Organizations can analyze census data and collect demographic data on consumers served, then compare this data to the workforce's linguistic and cultural diversity. This analysis can identify what languages, training and resources are needed to build capacity and move an organization toward cultural competency.
"Implementing the standards can be daunting at first, but you don't have to do it all at once. You may start with one group of standards, instead of taking on all 14 standards right away," Ybarra said. "Developing performance indicators is essential, though, to measure performance and provide feedback to the organization.
"It's critical to involve providers, stakeholders, consumers and their families in developing an initiative early on, no matter how large or small," he added. "There's not one solution that will make a difference every time, in every situation. You need multiple strategies to be effective."
National Standards on Culturally and Linguistically Appropriate Services (CLAS)*
Culturally Competent Care
1: Provide effective, understandable and respectful care to consumers, compatible with their cultural beliefs, practices and preferred language.
2: Implement strategies to recruit, retain and promote a diverse staff and leaders who represent the demographic characteristics of the service area.
3: Ensure that staff at all levels and across all disciplines receive ongoing education and training in culturally and linguistically appropriate service delivery.
Language Access Services
4: Offer language assistance, including bilingual staff and interpreter services, at no cost to consumers at all points of contact in a timely manner.
5: Provide verbal offers and written notices to consumers in their preferred language informing them of their right to receive language assistance services.
6: Assure competence of language services provided by interpreters and bilingual staff. Family and friends should interpret only at a consumer's request.
7: Provide easily understood consumer materials and post signs in the languages of commonly encountered groups and groups in the service area.
Organizational Supports for Cultural Competence
8: Develop, implement and promote a written strategic plan that outlines clear goals, policies, operational plans, management accountability and oversight mechanisms to provide culturally and linguistically appropriate services.
9: Conduct initial and ongoing organizational self-assessments of activities and integrate cultural and linguistic competence measures into internal audits, performance improvement programs, consumer satisfaction assessments, and outcomes-based evaluations.
10: Collect and update data on consumers' race, ethnicity, and spoken and written language and integrate into management information systems.
11: Maintain a current demographic, cultural and epidemiological profile of the community and a needs assessment to plan for and implement services that respond to the cultural and linguistic characteristics of the service area.

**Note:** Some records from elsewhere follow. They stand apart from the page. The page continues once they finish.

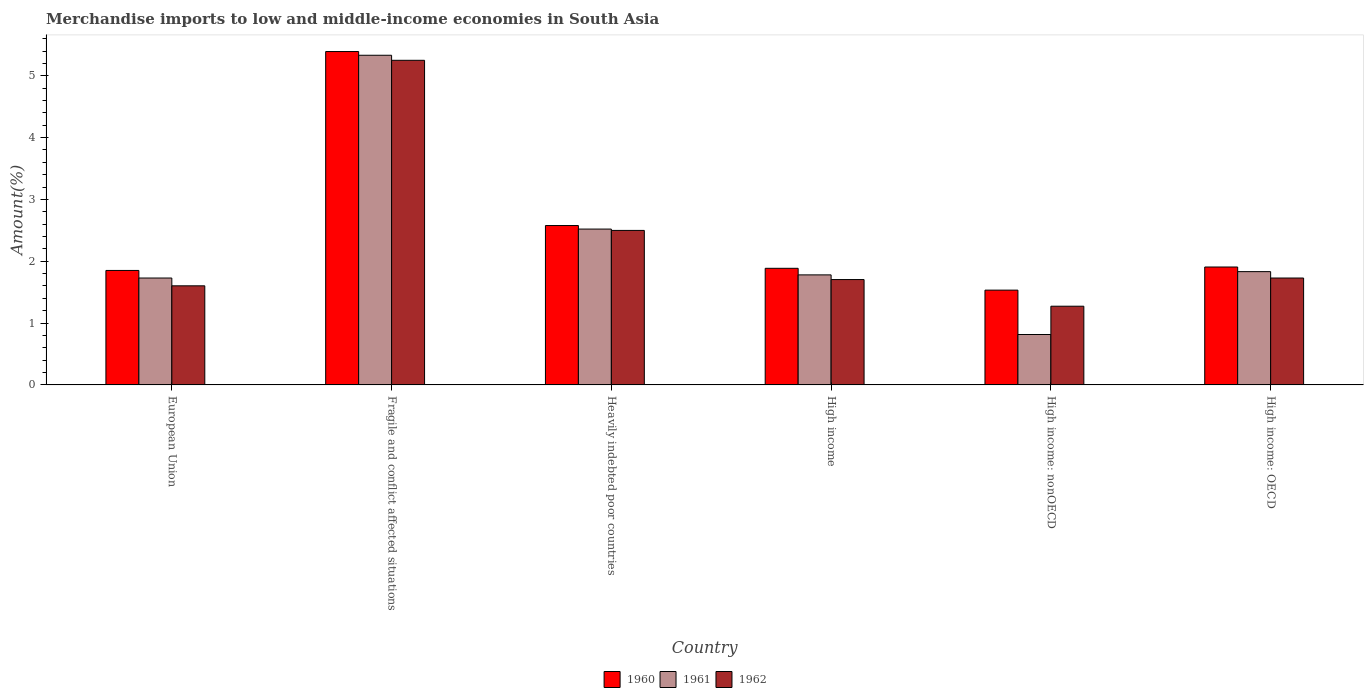How many groups of bars are there?
Your answer should be compact. 6. Are the number of bars per tick equal to the number of legend labels?
Your answer should be very brief. Yes. How many bars are there on the 6th tick from the right?
Make the answer very short. 3. What is the percentage of amount earned from merchandise imports in 1960 in High income: nonOECD?
Offer a very short reply. 1.53. Across all countries, what is the maximum percentage of amount earned from merchandise imports in 1960?
Your answer should be very brief. 5.39. Across all countries, what is the minimum percentage of amount earned from merchandise imports in 1960?
Ensure brevity in your answer.  1.53. In which country was the percentage of amount earned from merchandise imports in 1961 maximum?
Your answer should be very brief. Fragile and conflict affected situations. In which country was the percentage of amount earned from merchandise imports in 1962 minimum?
Provide a succinct answer. High income: nonOECD. What is the total percentage of amount earned from merchandise imports in 1961 in the graph?
Offer a very short reply. 14.01. What is the difference between the percentage of amount earned from merchandise imports in 1962 in Fragile and conflict affected situations and that in High income?
Give a very brief answer. 3.55. What is the difference between the percentage of amount earned from merchandise imports in 1960 in High income: nonOECD and the percentage of amount earned from merchandise imports in 1961 in European Union?
Offer a terse response. -0.2. What is the average percentage of amount earned from merchandise imports in 1961 per country?
Provide a succinct answer. 2.33. What is the difference between the percentage of amount earned from merchandise imports of/in 1962 and percentage of amount earned from merchandise imports of/in 1961 in European Union?
Provide a succinct answer. -0.13. In how many countries, is the percentage of amount earned from merchandise imports in 1962 greater than 5.2 %?
Provide a short and direct response. 1. What is the ratio of the percentage of amount earned from merchandise imports in 1962 in Fragile and conflict affected situations to that in High income: nonOECD?
Provide a short and direct response. 4.12. Is the percentage of amount earned from merchandise imports in 1960 in High income less than that in High income: nonOECD?
Keep it short and to the point. No. What is the difference between the highest and the second highest percentage of amount earned from merchandise imports in 1962?
Your answer should be compact. -0.77. What is the difference between the highest and the lowest percentage of amount earned from merchandise imports in 1961?
Offer a very short reply. 4.52. In how many countries, is the percentage of amount earned from merchandise imports in 1962 greater than the average percentage of amount earned from merchandise imports in 1962 taken over all countries?
Ensure brevity in your answer.  2. What does the 1st bar from the left in Fragile and conflict affected situations represents?
Ensure brevity in your answer.  1960. Is it the case that in every country, the sum of the percentage of amount earned from merchandise imports in 1961 and percentage of amount earned from merchandise imports in 1962 is greater than the percentage of amount earned from merchandise imports in 1960?
Keep it short and to the point. Yes. How many bars are there?
Your answer should be very brief. 18. Are all the bars in the graph horizontal?
Provide a short and direct response. No. How many countries are there in the graph?
Ensure brevity in your answer.  6. What is the difference between two consecutive major ticks on the Y-axis?
Offer a very short reply. 1. How many legend labels are there?
Your answer should be compact. 3. How are the legend labels stacked?
Your answer should be very brief. Horizontal. What is the title of the graph?
Your answer should be compact. Merchandise imports to low and middle-income economies in South Asia. What is the label or title of the X-axis?
Your response must be concise. Country. What is the label or title of the Y-axis?
Offer a terse response. Amount(%). What is the Amount(%) in 1960 in European Union?
Provide a succinct answer. 1.85. What is the Amount(%) in 1961 in European Union?
Offer a very short reply. 1.73. What is the Amount(%) of 1962 in European Union?
Provide a succinct answer. 1.6. What is the Amount(%) of 1960 in Fragile and conflict affected situations?
Your response must be concise. 5.39. What is the Amount(%) in 1961 in Fragile and conflict affected situations?
Provide a short and direct response. 5.33. What is the Amount(%) in 1962 in Fragile and conflict affected situations?
Ensure brevity in your answer.  5.25. What is the Amount(%) of 1960 in Heavily indebted poor countries?
Your response must be concise. 2.58. What is the Amount(%) in 1961 in Heavily indebted poor countries?
Your answer should be very brief. 2.52. What is the Amount(%) in 1962 in Heavily indebted poor countries?
Provide a succinct answer. 2.5. What is the Amount(%) of 1960 in High income?
Provide a succinct answer. 1.89. What is the Amount(%) of 1961 in High income?
Make the answer very short. 1.78. What is the Amount(%) of 1962 in High income?
Ensure brevity in your answer.  1.7. What is the Amount(%) of 1960 in High income: nonOECD?
Make the answer very short. 1.53. What is the Amount(%) in 1961 in High income: nonOECD?
Your answer should be very brief. 0.82. What is the Amount(%) in 1962 in High income: nonOECD?
Keep it short and to the point. 1.27. What is the Amount(%) of 1960 in High income: OECD?
Provide a short and direct response. 1.91. What is the Amount(%) in 1961 in High income: OECD?
Give a very brief answer. 1.83. What is the Amount(%) in 1962 in High income: OECD?
Offer a terse response. 1.73. Across all countries, what is the maximum Amount(%) in 1960?
Ensure brevity in your answer.  5.39. Across all countries, what is the maximum Amount(%) of 1961?
Offer a terse response. 5.33. Across all countries, what is the maximum Amount(%) in 1962?
Your response must be concise. 5.25. Across all countries, what is the minimum Amount(%) of 1960?
Offer a terse response. 1.53. Across all countries, what is the minimum Amount(%) in 1961?
Offer a very short reply. 0.82. Across all countries, what is the minimum Amount(%) of 1962?
Keep it short and to the point. 1.27. What is the total Amount(%) in 1960 in the graph?
Your answer should be very brief. 15.15. What is the total Amount(%) in 1961 in the graph?
Keep it short and to the point. 14.01. What is the total Amount(%) in 1962 in the graph?
Your response must be concise. 14.06. What is the difference between the Amount(%) of 1960 in European Union and that in Fragile and conflict affected situations?
Give a very brief answer. -3.54. What is the difference between the Amount(%) in 1961 in European Union and that in Fragile and conflict affected situations?
Provide a succinct answer. -3.6. What is the difference between the Amount(%) of 1962 in European Union and that in Fragile and conflict affected situations?
Give a very brief answer. -3.65. What is the difference between the Amount(%) of 1960 in European Union and that in Heavily indebted poor countries?
Keep it short and to the point. -0.73. What is the difference between the Amount(%) in 1961 in European Union and that in Heavily indebted poor countries?
Provide a succinct answer. -0.79. What is the difference between the Amount(%) in 1962 in European Union and that in Heavily indebted poor countries?
Make the answer very short. -0.9. What is the difference between the Amount(%) of 1960 in European Union and that in High income?
Your response must be concise. -0.03. What is the difference between the Amount(%) of 1961 in European Union and that in High income?
Offer a terse response. -0.05. What is the difference between the Amount(%) of 1962 in European Union and that in High income?
Offer a terse response. -0.1. What is the difference between the Amount(%) in 1960 in European Union and that in High income: nonOECD?
Keep it short and to the point. 0.32. What is the difference between the Amount(%) in 1961 in European Union and that in High income: nonOECD?
Your response must be concise. 0.91. What is the difference between the Amount(%) of 1962 in European Union and that in High income: nonOECD?
Keep it short and to the point. 0.33. What is the difference between the Amount(%) of 1960 in European Union and that in High income: OECD?
Provide a short and direct response. -0.06. What is the difference between the Amount(%) in 1961 in European Union and that in High income: OECD?
Provide a short and direct response. -0.1. What is the difference between the Amount(%) of 1962 in European Union and that in High income: OECD?
Your response must be concise. -0.13. What is the difference between the Amount(%) of 1960 in Fragile and conflict affected situations and that in Heavily indebted poor countries?
Your answer should be compact. 2.81. What is the difference between the Amount(%) of 1961 in Fragile and conflict affected situations and that in Heavily indebted poor countries?
Offer a very short reply. 2.81. What is the difference between the Amount(%) of 1962 in Fragile and conflict affected situations and that in Heavily indebted poor countries?
Ensure brevity in your answer.  2.75. What is the difference between the Amount(%) of 1960 in Fragile and conflict affected situations and that in High income?
Make the answer very short. 3.51. What is the difference between the Amount(%) of 1961 in Fragile and conflict affected situations and that in High income?
Your answer should be very brief. 3.55. What is the difference between the Amount(%) of 1962 in Fragile and conflict affected situations and that in High income?
Make the answer very short. 3.55. What is the difference between the Amount(%) of 1960 in Fragile and conflict affected situations and that in High income: nonOECD?
Provide a short and direct response. 3.86. What is the difference between the Amount(%) of 1961 in Fragile and conflict affected situations and that in High income: nonOECD?
Give a very brief answer. 4.52. What is the difference between the Amount(%) of 1962 in Fragile and conflict affected situations and that in High income: nonOECD?
Offer a very short reply. 3.98. What is the difference between the Amount(%) in 1960 in Fragile and conflict affected situations and that in High income: OECD?
Your answer should be compact. 3.49. What is the difference between the Amount(%) of 1961 in Fragile and conflict affected situations and that in High income: OECD?
Give a very brief answer. 3.5. What is the difference between the Amount(%) in 1962 in Fragile and conflict affected situations and that in High income: OECD?
Offer a very short reply. 3.52. What is the difference between the Amount(%) in 1960 in Heavily indebted poor countries and that in High income?
Provide a short and direct response. 0.69. What is the difference between the Amount(%) in 1961 in Heavily indebted poor countries and that in High income?
Your answer should be very brief. 0.74. What is the difference between the Amount(%) in 1962 in Heavily indebted poor countries and that in High income?
Offer a very short reply. 0.79. What is the difference between the Amount(%) in 1960 in Heavily indebted poor countries and that in High income: nonOECD?
Make the answer very short. 1.04. What is the difference between the Amount(%) in 1961 in Heavily indebted poor countries and that in High income: nonOECD?
Your answer should be very brief. 1.71. What is the difference between the Amount(%) in 1962 in Heavily indebted poor countries and that in High income: nonOECD?
Keep it short and to the point. 1.23. What is the difference between the Amount(%) in 1960 in Heavily indebted poor countries and that in High income: OECD?
Keep it short and to the point. 0.67. What is the difference between the Amount(%) in 1961 in Heavily indebted poor countries and that in High income: OECD?
Provide a succinct answer. 0.69. What is the difference between the Amount(%) of 1962 in Heavily indebted poor countries and that in High income: OECD?
Make the answer very short. 0.77. What is the difference between the Amount(%) of 1960 in High income and that in High income: nonOECD?
Provide a short and direct response. 0.35. What is the difference between the Amount(%) in 1961 in High income and that in High income: nonOECD?
Give a very brief answer. 0.96. What is the difference between the Amount(%) of 1962 in High income and that in High income: nonOECD?
Provide a short and direct response. 0.43. What is the difference between the Amount(%) in 1960 in High income and that in High income: OECD?
Keep it short and to the point. -0.02. What is the difference between the Amount(%) of 1961 in High income and that in High income: OECD?
Give a very brief answer. -0.05. What is the difference between the Amount(%) of 1962 in High income and that in High income: OECD?
Make the answer very short. -0.02. What is the difference between the Amount(%) in 1960 in High income: nonOECD and that in High income: OECD?
Provide a short and direct response. -0.37. What is the difference between the Amount(%) of 1961 in High income: nonOECD and that in High income: OECD?
Provide a short and direct response. -1.02. What is the difference between the Amount(%) of 1962 in High income: nonOECD and that in High income: OECD?
Ensure brevity in your answer.  -0.46. What is the difference between the Amount(%) in 1960 in European Union and the Amount(%) in 1961 in Fragile and conflict affected situations?
Make the answer very short. -3.48. What is the difference between the Amount(%) of 1960 in European Union and the Amount(%) of 1962 in Fragile and conflict affected situations?
Provide a short and direct response. -3.4. What is the difference between the Amount(%) of 1961 in European Union and the Amount(%) of 1962 in Fragile and conflict affected situations?
Make the answer very short. -3.52. What is the difference between the Amount(%) in 1960 in European Union and the Amount(%) in 1961 in Heavily indebted poor countries?
Provide a succinct answer. -0.67. What is the difference between the Amount(%) in 1960 in European Union and the Amount(%) in 1962 in Heavily indebted poor countries?
Offer a very short reply. -0.65. What is the difference between the Amount(%) in 1961 in European Union and the Amount(%) in 1962 in Heavily indebted poor countries?
Your response must be concise. -0.77. What is the difference between the Amount(%) of 1960 in European Union and the Amount(%) of 1961 in High income?
Ensure brevity in your answer.  0.07. What is the difference between the Amount(%) in 1960 in European Union and the Amount(%) in 1962 in High income?
Make the answer very short. 0.15. What is the difference between the Amount(%) in 1961 in European Union and the Amount(%) in 1962 in High income?
Offer a terse response. 0.02. What is the difference between the Amount(%) in 1960 in European Union and the Amount(%) in 1961 in High income: nonOECD?
Offer a very short reply. 1.04. What is the difference between the Amount(%) in 1960 in European Union and the Amount(%) in 1962 in High income: nonOECD?
Give a very brief answer. 0.58. What is the difference between the Amount(%) in 1961 in European Union and the Amount(%) in 1962 in High income: nonOECD?
Make the answer very short. 0.46. What is the difference between the Amount(%) of 1960 in European Union and the Amount(%) of 1961 in High income: OECD?
Give a very brief answer. 0.02. What is the difference between the Amount(%) in 1960 in European Union and the Amount(%) in 1962 in High income: OECD?
Your answer should be compact. 0.12. What is the difference between the Amount(%) of 1960 in Fragile and conflict affected situations and the Amount(%) of 1961 in Heavily indebted poor countries?
Make the answer very short. 2.87. What is the difference between the Amount(%) in 1960 in Fragile and conflict affected situations and the Amount(%) in 1962 in Heavily indebted poor countries?
Provide a short and direct response. 2.89. What is the difference between the Amount(%) of 1961 in Fragile and conflict affected situations and the Amount(%) of 1962 in Heavily indebted poor countries?
Offer a very short reply. 2.83. What is the difference between the Amount(%) of 1960 in Fragile and conflict affected situations and the Amount(%) of 1961 in High income?
Ensure brevity in your answer.  3.61. What is the difference between the Amount(%) in 1960 in Fragile and conflict affected situations and the Amount(%) in 1962 in High income?
Your answer should be very brief. 3.69. What is the difference between the Amount(%) of 1961 in Fragile and conflict affected situations and the Amount(%) of 1962 in High income?
Your answer should be compact. 3.63. What is the difference between the Amount(%) of 1960 in Fragile and conflict affected situations and the Amount(%) of 1961 in High income: nonOECD?
Your response must be concise. 4.58. What is the difference between the Amount(%) in 1960 in Fragile and conflict affected situations and the Amount(%) in 1962 in High income: nonOECD?
Give a very brief answer. 4.12. What is the difference between the Amount(%) in 1961 in Fragile and conflict affected situations and the Amount(%) in 1962 in High income: nonOECD?
Your response must be concise. 4.06. What is the difference between the Amount(%) in 1960 in Fragile and conflict affected situations and the Amount(%) in 1961 in High income: OECD?
Make the answer very short. 3.56. What is the difference between the Amount(%) in 1960 in Fragile and conflict affected situations and the Amount(%) in 1962 in High income: OECD?
Your answer should be compact. 3.66. What is the difference between the Amount(%) of 1961 in Fragile and conflict affected situations and the Amount(%) of 1962 in High income: OECD?
Make the answer very short. 3.6. What is the difference between the Amount(%) of 1960 in Heavily indebted poor countries and the Amount(%) of 1961 in High income?
Your answer should be very brief. 0.8. What is the difference between the Amount(%) in 1960 in Heavily indebted poor countries and the Amount(%) in 1962 in High income?
Provide a short and direct response. 0.87. What is the difference between the Amount(%) of 1961 in Heavily indebted poor countries and the Amount(%) of 1962 in High income?
Keep it short and to the point. 0.82. What is the difference between the Amount(%) in 1960 in Heavily indebted poor countries and the Amount(%) in 1961 in High income: nonOECD?
Offer a very short reply. 1.76. What is the difference between the Amount(%) of 1960 in Heavily indebted poor countries and the Amount(%) of 1962 in High income: nonOECD?
Offer a very short reply. 1.3. What is the difference between the Amount(%) of 1961 in Heavily indebted poor countries and the Amount(%) of 1962 in High income: nonOECD?
Your answer should be very brief. 1.25. What is the difference between the Amount(%) in 1960 in Heavily indebted poor countries and the Amount(%) in 1961 in High income: OECD?
Your response must be concise. 0.75. What is the difference between the Amount(%) of 1960 in Heavily indebted poor countries and the Amount(%) of 1962 in High income: OECD?
Keep it short and to the point. 0.85. What is the difference between the Amount(%) in 1961 in Heavily indebted poor countries and the Amount(%) in 1962 in High income: OECD?
Keep it short and to the point. 0.79. What is the difference between the Amount(%) of 1960 in High income and the Amount(%) of 1961 in High income: nonOECD?
Provide a succinct answer. 1.07. What is the difference between the Amount(%) of 1960 in High income and the Amount(%) of 1962 in High income: nonOECD?
Ensure brevity in your answer.  0.61. What is the difference between the Amount(%) in 1961 in High income and the Amount(%) in 1962 in High income: nonOECD?
Provide a succinct answer. 0.51. What is the difference between the Amount(%) in 1960 in High income and the Amount(%) in 1961 in High income: OECD?
Make the answer very short. 0.05. What is the difference between the Amount(%) in 1960 in High income and the Amount(%) in 1962 in High income: OECD?
Give a very brief answer. 0.16. What is the difference between the Amount(%) of 1961 in High income and the Amount(%) of 1962 in High income: OECD?
Provide a succinct answer. 0.05. What is the difference between the Amount(%) in 1960 in High income: nonOECD and the Amount(%) in 1961 in High income: OECD?
Offer a very short reply. -0.3. What is the difference between the Amount(%) of 1960 in High income: nonOECD and the Amount(%) of 1962 in High income: OECD?
Your answer should be very brief. -0.2. What is the difference between the Amount(%) in 1961 in High income: nonOECD and the Amount(%) in 1962 in High income: OECD?
Your answer should be very brief. -0.91. What is the average Amount(%) in 1960 per country?
Provide a short and direct response. 2.52. What is the average Amount(%) in 1961 per country?
Keep it short and to the point. 2.33. What is the average Amount(%) of 1962 per country?
Offer a very short reply. 2.34. What is the difference between the Amount(%) of 1960 and Amount(%) of 1961 in European Union?
Provide a succinct answer. 0.12. What is the difference between the Amount(%) in 1960 and Amount(%) in 1962 in European Union?
Your answer should be compact. 0.25. What is the difference between the Amount(%) of 1961 and Amount(%) of 1962 in European Union?
Give a very brief answer. 0.13. What is the difference between the Amount(%) in 1960 and Amount(%) in 1961 in Fragile and conflict affected situations?
Provide a short and direct response. 0.06. What is the difference between the Amount(%) of 1960 and Amount(%) of 1962 in Fragile and conflict affected situations?
Make the answer very short. 0.14. What is the difference between the Amount(%) of 1961 and Amount(%) of 1962 in Fragile and conflict affected situations?
Give a very brief answer. 0.08. What is the difference between the Amount(%) of 1960 and Amount(%) of 1961 in Heavily indebted poor countries?
Ensure brevity in your answer.  0.06. What is the difference between the Amount(%) in 1960 and Amount(%) in 1962 in Heavily indebted poor countries?
Give a very brief answer. 0.08. What is the difference between the Amount(%) of 1961 and Amount(%) of 1962 in Heavily indebted poor countries?
Offer a very short reply. 0.02. What is the difference between the Amount(%) of 1960 and Amount(%) of 1961 in High income?
Provide a short and direct response. 0.11. What is the difference between the Amount(%) of 1960 and Amount(%) of 1962 in High income?
Provide a succinct answer. 0.18. What is the difference between the Amount(%) of 1961 and Amount(%) of 1962 in High income?
Provide a succinct answer. 0.08. What is the difference between the Amount(%) of 1960 and Amount(%) of 1961 in High income: nonOECD?
Provide a succinct answer. 0.72. What is the difference between the Amount(%) of 1960 and Amount(%) of 1962 in High income: nonOECD?
Make the answer very short. 0.26. What is the difference between the Amount(%) in 1961 and Amount(%) in 1962 in High income: nonOECD?
Provide a short and direct response. -0.46. What is the difference between the Amount(%) in 1960 and Amount(%) in 1961 in High income: OECD?
Your answer should be compact. 0.07. What is the difference between the Amount(%) of 1960 and Amount(%) of 1962 in High income: OECD?
Provide a succinct answer. 0.18. What is the difference between the Amount(%) in 1961 and Amount(%) in 1962 in High income: OECD?
Give a very brief answer. 0.1. What is the ratio of the Amount(%) in 1960 in European Union to that in Fragile and conflict affected situations?
Your answer should be very brief. 0.34. What is the ratio of the Amount(%) in 1961 in European Union to that in Fragile and conflict affected situations?
Provide a short and direct response. 0.32. What is the ratio of the Amount(%) of 1962 in European Union to that in Fragile and conflict affected situations?
Offer a terse response. 0.31. What is the ratio of the Amount(%) of 1960 in European Union to that in Heavily indebted poor countries?
Provide a short and direct response. 0.72. What is the ratio of the Amount(%) in 1961 in European Union to that in Heavily indebted poor countries?
Your answer should be very brief. 0.69. What is the ratio of the Amount(%) in 1962 in European Union to that in Heavily indebted poor countries?
Your response must be concise. 0.64. What is the ratio of the Amount(%) of 1960 in European Union to that in High income?
Give a very brief answer. 0.98. What is the ratio of the Amount(%) in 1961 in European Union to that in High income?
Your answer should be very brief. 0.97. What is the ratio of the Amount(%) in 1962 in European Union to that in High income?
Make the answer very short. 0.94. What is the ratio of the Amount(%) in 1960 in European Union to that in High income: nonOECD?
Make the answer very short. 1.21. What is the ratio of the Amount(%) in 1961 in European Union to that in High income: nonOECD?
Keep it short and to the point. 2.12. What is the ratio of the Amount(%) of 1962 in European Union to that in High income: nonOECD?
Your answer should be very brief. 1.26. What is the ratio of the Amount(%) in 1960 in European Union to that in High income: OECD?
Keep it short and to the point. 0.97. What is the ratio of the Amount(%) in 1961 in European Union to that in High income: OECD?
Offer a terse response. 0.94. What is the ratio of the Amount(%) of 1962 in European Union to that in High income: OECD?
Provide a short and direct response. 0.93. What is the ratio of the Amount(%) of 1960 in Fragile and conflict affected situations to that in Heavily indebted poor countries?
Keep it short and to the point. 2.09. What is the ratio of the Amount(%) in 1961 in Fragile and conflict affected situations to that in Heavily indebted poor countries?
Keep it short and to the point. 2.12. What is the ratio of the Amount(%) in 1962 in Fragile and conflict affected situations to that in Heavily indebted poor countries?
Give a very brief answer. 2.1. What is the ratio of the Amount(%) of 1960 in Fragile and conflict affected situations to that in High income?
Your answer should be compact. 2.86. What is the ratio of the Amount(%) of 1961 in Fragile and conflict affected situations to that in High income?
Your answer should be very brief. 3. What is the ratio of the Amount(%) in 1962 in Fragile and conflict affected situations to that in High income?
Offer a terse response. 3.08. What is the ratio of the Amount(%) of 1960 in Fragile and conflict affected situations to that in High income: nonOECD?
Your answer should be very brief. 3.52. What is the ratio of the Amount(%) of 1961 in Fragile and conflict affected situations to that in High income: nonOECD?
Give a very brief answer. 6.54. What is the ratio of the Amount(%) in 1962 in Fragile and conflict affected situations to that in High income: nonOECD?
Offer a very short reply. 4.12. What is the ratio of the Amount(%) in 1960 in Fragile and conflict affected situations to that in High income: OECD?
Your response must be concise. 2.83. What is the ratio of the Amount(%) of 1961 in Fragile and conflict affected situations to that in High income: OECD?
Offer a very short reply. 2.91. What is the ratio of the Amount(%) of 1962 in Fragile and conflict affected situations to that in High income: OECD?
Your response must be concise. 3.04. What is the ratio of the Amount(%) of 1960 in Heavily indebted poor countries to that in High income?
Provide a short and direct response. 1.37. What is the ratio of the Amount(%) in 1961 in Heavily indebted poor countries to that in High income?
Offer a very short reply. 1.42. What is the ratio of the Amount(%) of 1962 in Heavily indebted poor countries to that in High income?
Provide a succinct answer. 1.47. What is the ratio of the Amount(%) of 1960 in Heavily indebted poor countries to that in High income: nonOECD?
Give a very brief answer. 1.68. What is the ratio of the Amount(%) in 1961 in Heavily indebted poor countries to that in High income: nonOECD?
Provide a short and direct response. 3.09. What is the ratio of the Amount(%) of 1962 in Heavily indebted poor countries to that in High income: nonOECD?
Your answer should be compact. 1.96. What is the ratio of the Amount(%) of 1960 in Heavily indebted poor countries to that in High income: OECD?
Give a very brief answer. 1.35. What is the ratio of the Amount(%) of 1961 in Heavily indebted poor countries to that in High income: OECD?
Your answer should be very brief. 1.38. What is the ratio of the Amount(%) in 1962 in Heavily indebted poor countries to that in High income: OECD?
Your response must be concise. 1.45. What is the ratio of the Amount(%) of 1960 in High income to that in High income: nonOECD?
Provide a succinct answer. 1.23. What is the ratio of the Amount(%) of 1961 in High income to that in High income: nonOECD?
Ensure brevity in your answer.  2.18. What is the ratio of the Amount(%) in 1962 in High income to that in High income: nonOECD?
Your response must be concise. 1.34. What is the ratio of the Amount(%) in 1960 in High income to that in High income: OECD?
Ensure brevity in your answer.  0.99. What is the ratio of the Amount(%) in 1961 in High income to that in High income: OECD?
Give a very brief answer. 0.97. What is the ratio of the Amount(%) of 1962 in High income to that in High income: OECD?
Your answer should be very brief. 0.99. What is the ratio of the Amount(%) in 1960 in High income: nonOECD to that in High income: OECD?
Keep it short and to the point. 0.8. What is the ratio of the Amount(%) in 1961 in High income: nonOECD to that in High income: OECD?
Give a very brief answer. 0.44. What is the ratio of the Amount(%) in 1962 in High income: nonOECD to that in High income: OECD?
Offer a very short reply. 0.74. What is the difference between the highest and the second highest Amount(%) of 1960?
Provide a succinct answer. 2.81. What is the difference between the highest and the second highest Amount(%) in 1961?
Ensure brevity in your answer.  2.81. What is the difference between the highest and the second highest Amount(%) in 1962?
Provide a succinct answer. 2.75. What is the difference between the highest and the lowest Amount(%) in 1960?
Your answer should be very brief. 3.86. What is the difference between the highest and the lowest Amount(%) of 1961?
Keep it short and to the point. 4.52. What is the difference between the highest and the lowest Amount(%) of 1962?
Offer a very short reply. 3.98.

12: Develop participatory, collaborative partnerships with communities and use formal and informal mechanisms to involve stakeholders in designing and implementing activities.
13: Ensure that conflict and grievance resolution processes are culturally and linguistically sensitive and capable of identifying, preventing, and resolving cross-cultural conflicts or complaints by consumers.
14: Regularly make available to the public information about progress and successful innovations in implementing the standards and provide public notice in communities about the availability of this information.